そのせいか、もう一人の同期令嬢エレナ以外、ローゼルが心から打ち解けて気軽におしゃべりしているところを見たことも聞いたこともない。
(どちらかといえば、女版一人狼なんだよね)
けれど、ホキアンが美味い店の話をするとき、ローゼルはすごく楽しそうに耳を傾けてくる。

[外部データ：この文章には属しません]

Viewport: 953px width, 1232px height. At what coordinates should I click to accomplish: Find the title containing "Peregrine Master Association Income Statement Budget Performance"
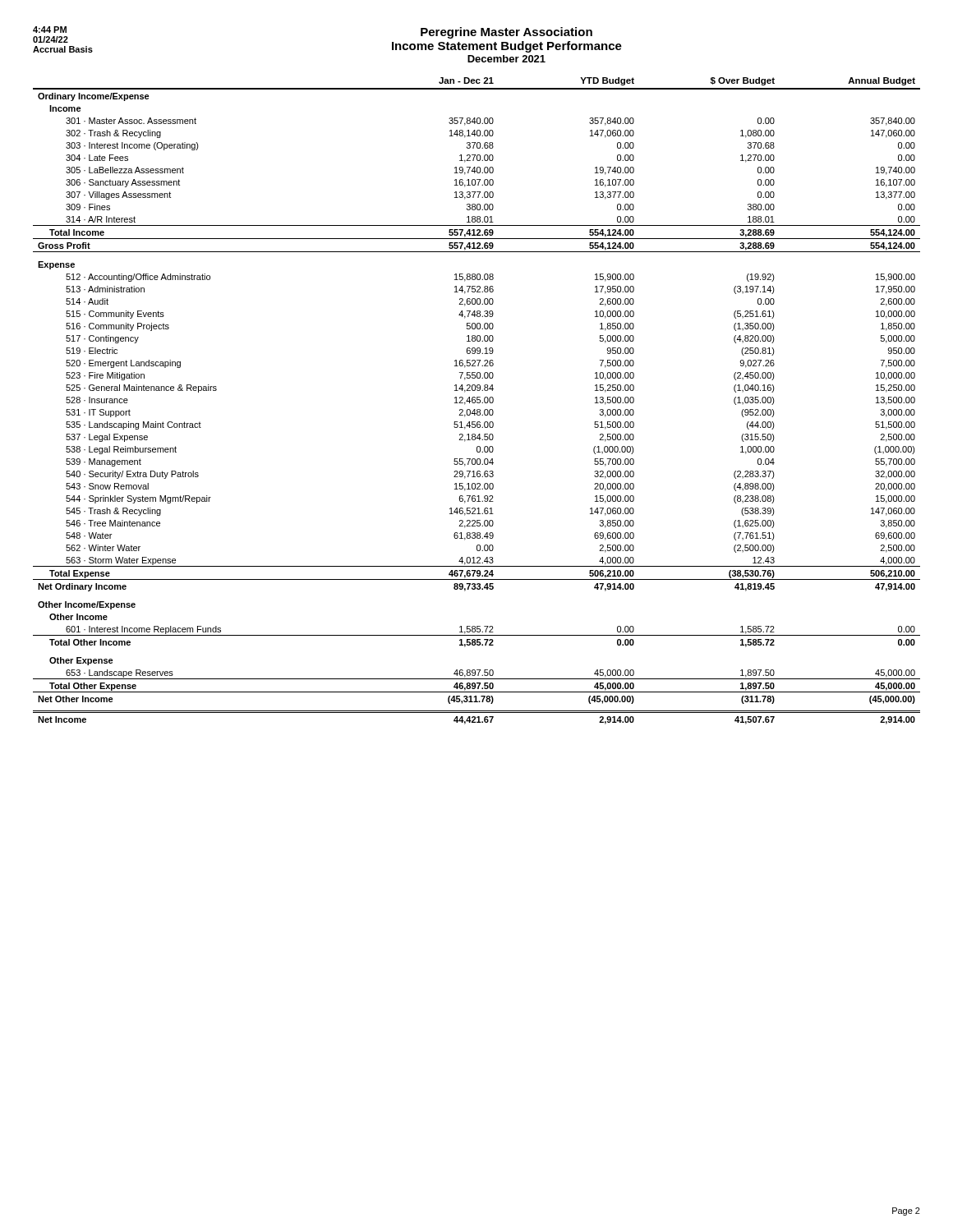click(x=506, y=45)

あれこれ聞いてくるくせに、「連れて行って欲しい」とお見合いする令嬢のようにねだってくることも決してない。
それは一種の寂しさが横切るが、致し方ない。
ある一定の距離を保って接してくれる数少ない女友達。
稀少な存在だ。
「だいたいローゼルって、本当不憫なんだよね。
誰が言い出したのか分からないけど、入省前から今世紀最大の悪女なんて呼ばれてるしさぁ。
全然違うのに」
ホキアンは口を尖らせた。
「そうだな。
この前のちょっとした夜会も、あの子のことを悪名高き令嬢なんて地方に住む領主たちが噂していたしなぁ。
あんなに勤勉な女官は滅多にいない。
皆、彼女の良さを分かっていない」
父も顎を撫でながら同意した。
その声に憤慨が滲んでいる。
「だよね。
もうすぐ五年近く経つ噂なのに未だに消えないって、ちょっと悪意を感じるよね」
入省当時、ホキアンはひどく驚いた覚えがある。
社交界に顔を滅多に出さない彼女の噂を何も疑わず、馬鹿正直に信じていたからだ。
実際、ローゼル・イースティリアは、小さなどこにでもいるご令嬢だった。
それどころか、愛らしい容姿に、誉れ高き法務省の一員に抜擢されるほどの才女。
なおかつ、きめ細やかな気配りや、真面目な勤務態度。
密かに同世代の官僚たちは、彼女に淡い恋心を抱いていた。
父はホキアンに尋ねる。
「もしあの子がうちに来てくれたら嬉しいか?」
「え……どうかな」
ホキアンはティーカップに手を伸ばした。
ローゼルが僕のお嫁さん……。
想像し難いけど。
湯気のたつお茶を口に含む。
「考えたことないな」
ホキアンはさらりと曖昧な笑顔を浮かべた。
なにせ、入省して以来ずっと片想いをしている同期がいるのだから――。
彼を差し置いてローゼルと一緒になる気はさらさらない。
「でも、もし一緒になったとしたら、きっと楽しいだろうね。
ローゼルとなら気兼ねなくおしゃべりできるし、酒の趣味も合うし。
チェスはやったことがないって言っていたけど、教えたらきっと頭のいいローゼルだ、僕のいい遊び相手になってくれると思う」
ローゼルは不思議な子だった。
あれだけずば抜けて頭がいいくせに、世間を知らなさすぎる。
恐らくその理由は、貴族の子女たちが通う学園アカデミーに通っていないからだろう。
「けど、父上。
あの子には婚約者がいるからダメだよ。
あれでも、婚約者の子息に色々苦労しているみたいなんだからね。
これ以上、厄介なこと頼んだら駄目だから」
「イースティリア女官の婚約者はあそこだろ?
ウルーム伯爵のところの。
あの令息はいろいろ浮き名を流しているらしいじゃないか」
父が眉をひそめた。
「そうだよ。
だからこそ、俺たち同期は彼を許せないんだよ。
彼にローゼルは勿体無い」
ホキアンは語尾を強める。
「ローゼルは本当にいい子だから、絶対に幸せになって欲しいんだ」
ホキアンにとってそれは他愛無い世間話だった。
そう、だからあの時、父がまさかあんな勘違いをするなんて思いもよらなかった――。